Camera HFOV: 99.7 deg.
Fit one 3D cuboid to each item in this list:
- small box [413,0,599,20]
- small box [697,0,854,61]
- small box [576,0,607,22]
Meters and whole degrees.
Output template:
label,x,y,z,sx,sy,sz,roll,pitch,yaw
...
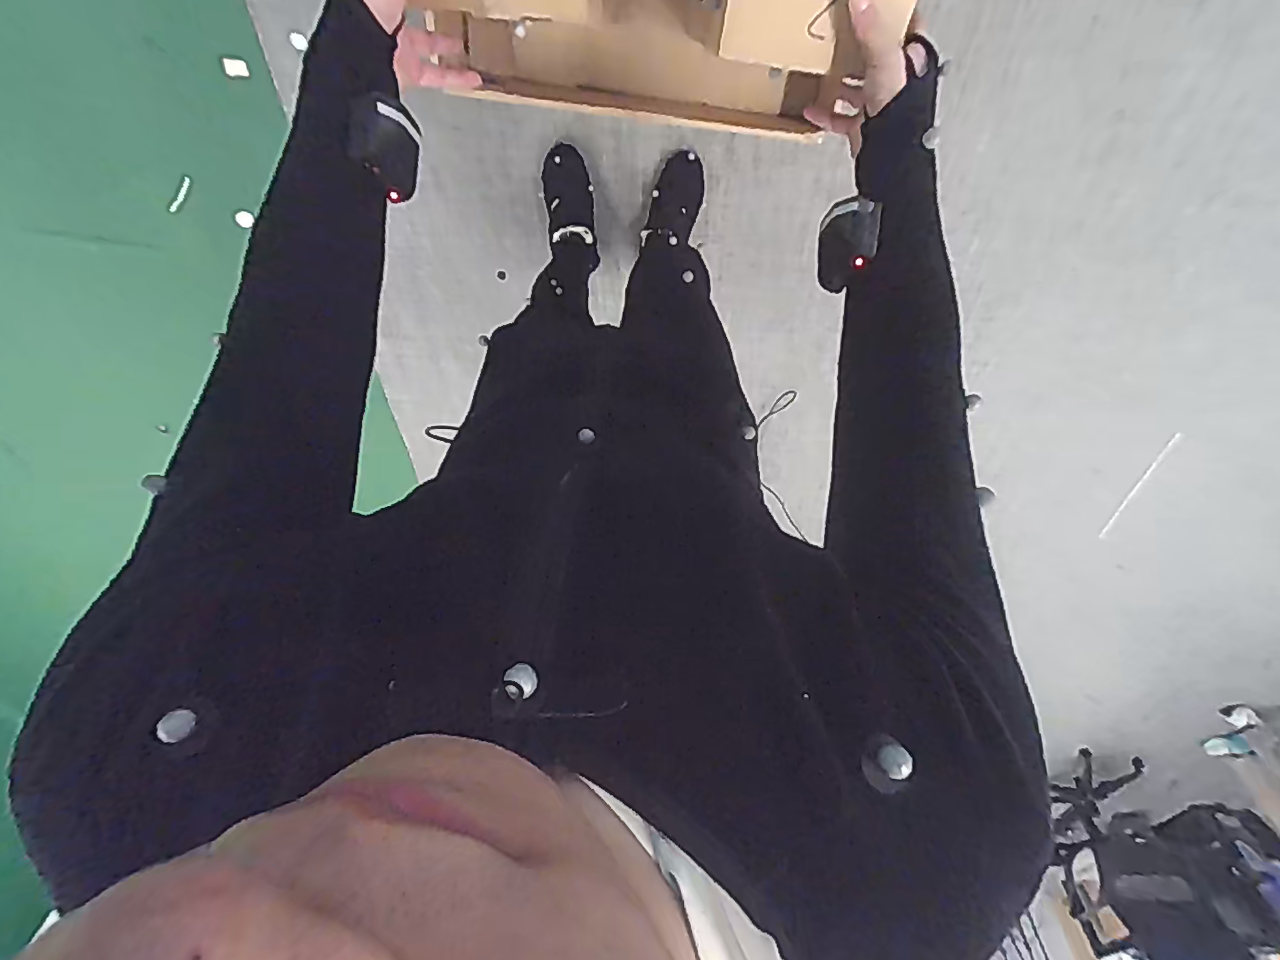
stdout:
label,x,y,z,sx,sy,sz,roll,pitch,yaw
small box,-0.123,-0.541,0.492,0.168,0.176,0.179,5,131,-1
small box,0.162,-0.612,0.627,0.168,0.176,0.179,7,129,-4
small box,-0.119,-0.649,0.616,0.168,0.176,0.179,7,131,-3
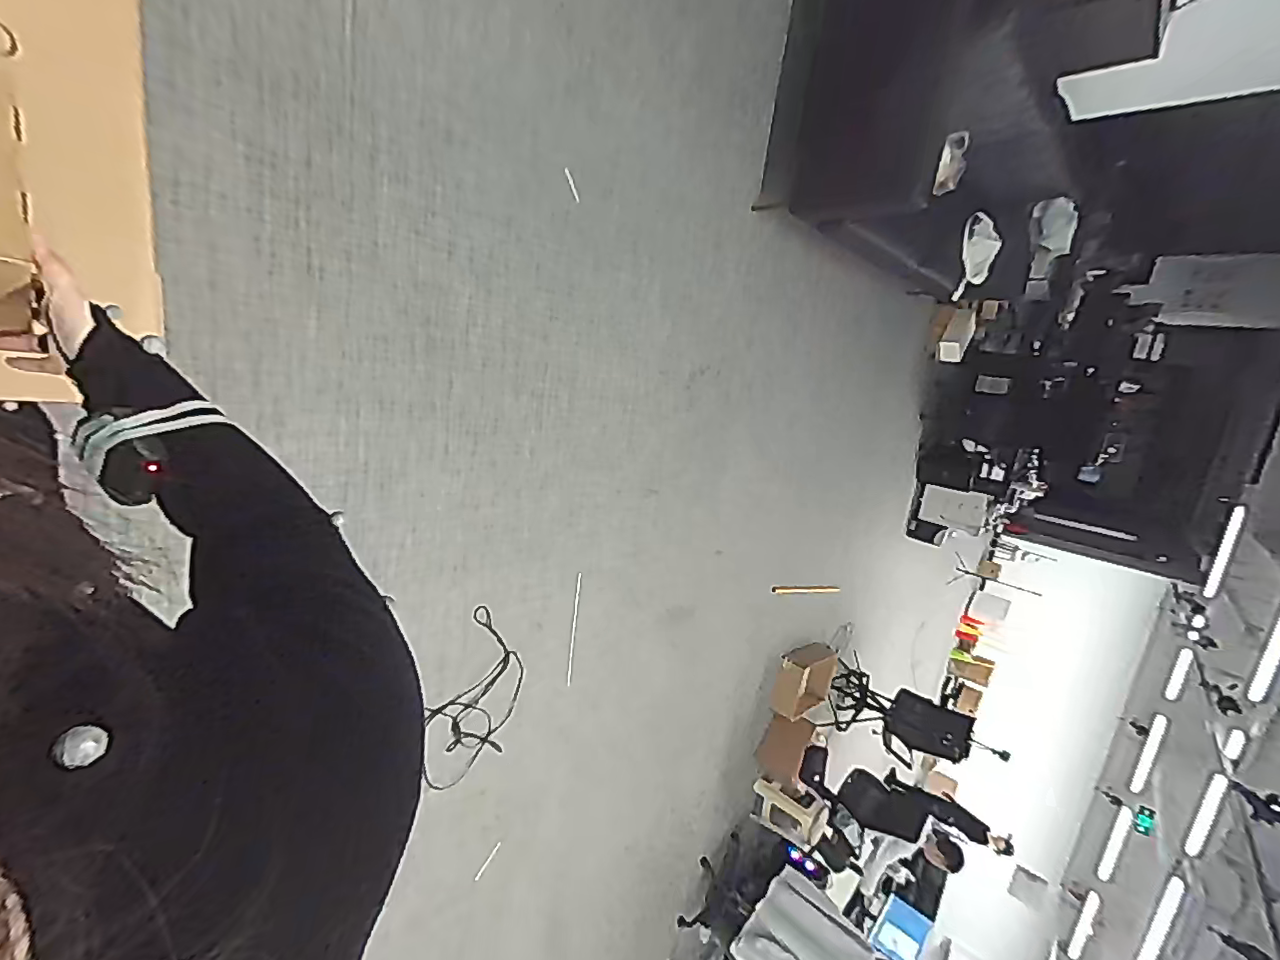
# # # # #
§ What is needed:
Copy each of the entries above precisely, and drop whatever pictures they hold.

§ Exercise result:
Camera HFOV: 99.7 deg.
Fit one 3D cuboid to each item in this list:
- small box [413,0,599,20]
- small box [697,0,854,61]
- small box [576,0,607,22]
Meters and whole degrees.
Output template:
label,x,y,z,sx,sy,sz,roll,pitch,yaw
...
stdout:
label,x,y,z,sx,sy,sz,roll,pitch,yaw
small box,-0.123,-0.541,0.492,0.168,0.176,0.179,5,131,-1
small box,0.162,-0.612,0.627,0.168,0.176,0.179,7,129,-4
small box,-0.119,-0.649,0.616,0.168,0.176,0.179,7,131,-3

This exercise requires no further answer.